For purposes of this Agreement, Newco shall not be deemed to be a Subsidiary of
Buyer or Seller or their respective Subsidiaries.
"Survival Period" has the meaning ascribed to such term in
Section 6.1.
"Tax" shall mean any federal, state, local, or foreign income,
gross receipts, license, payroll, employment, excise, severance, stamp,
occupation, premium, windfall profits, environmental (including taxes under Code
section 59A), customs duties, capital stock, franchise, profits, withholding,
social security (or similar), unemployment, disability, real property, personal
property, sales, use, transfer, registration, value added, alternative or add-on
minimum, estimated, or other tax of any kind whatsoever, including any interest,
penalty, or addition thereto.
"Tax Return" shall mean any return, declaration, report, claim
for refund, or information return or statement relating to Taxes, including any
schedule or attachment thereto, and including any amendment thereof.
"Trademarks" has the meaning ascribed to such term in Section
3.10.
"Transaction Documents" shall mean (i) the Warrant, the
Registration Rights Agreement and the Stockholders Agreement and (ii) those
other agreements, certificates and documents entered into or delivered between
the Buyer and the Seller related to, ancillary to, or in connection with this
Agreement or the documents listed in clause (i) hereof.

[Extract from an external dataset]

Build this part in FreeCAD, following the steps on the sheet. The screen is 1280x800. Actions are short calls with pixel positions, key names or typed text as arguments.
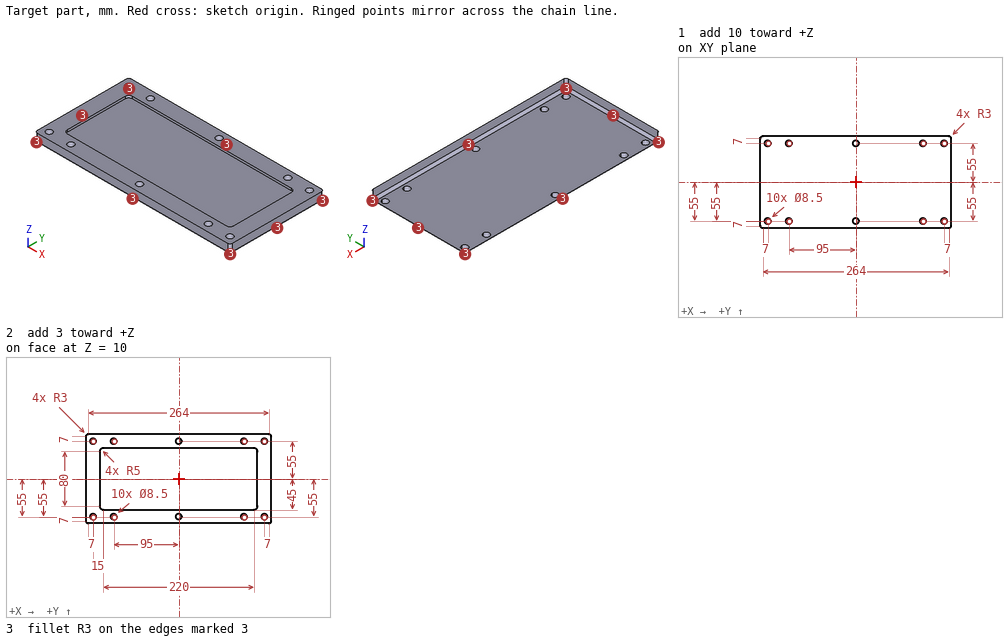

"Warrant" has the meaning ascribed to such term in the
Recitals hereto.
"Warrant Shares" has the meaning ascribed to such term in the
Recitals hereto.
1.2 Knowledge. As used in the Agreement, "to the Seller's knowledge" or
"to the knowledge of the Seller" or words of similar import shall mean the
knowledge of the following officers of the Seller: Xxxx Xxxxxxx, Xxxxx Xxxxxxx,
Xxx Xxxxxxxx and Xxxxx Xxxxxxxx.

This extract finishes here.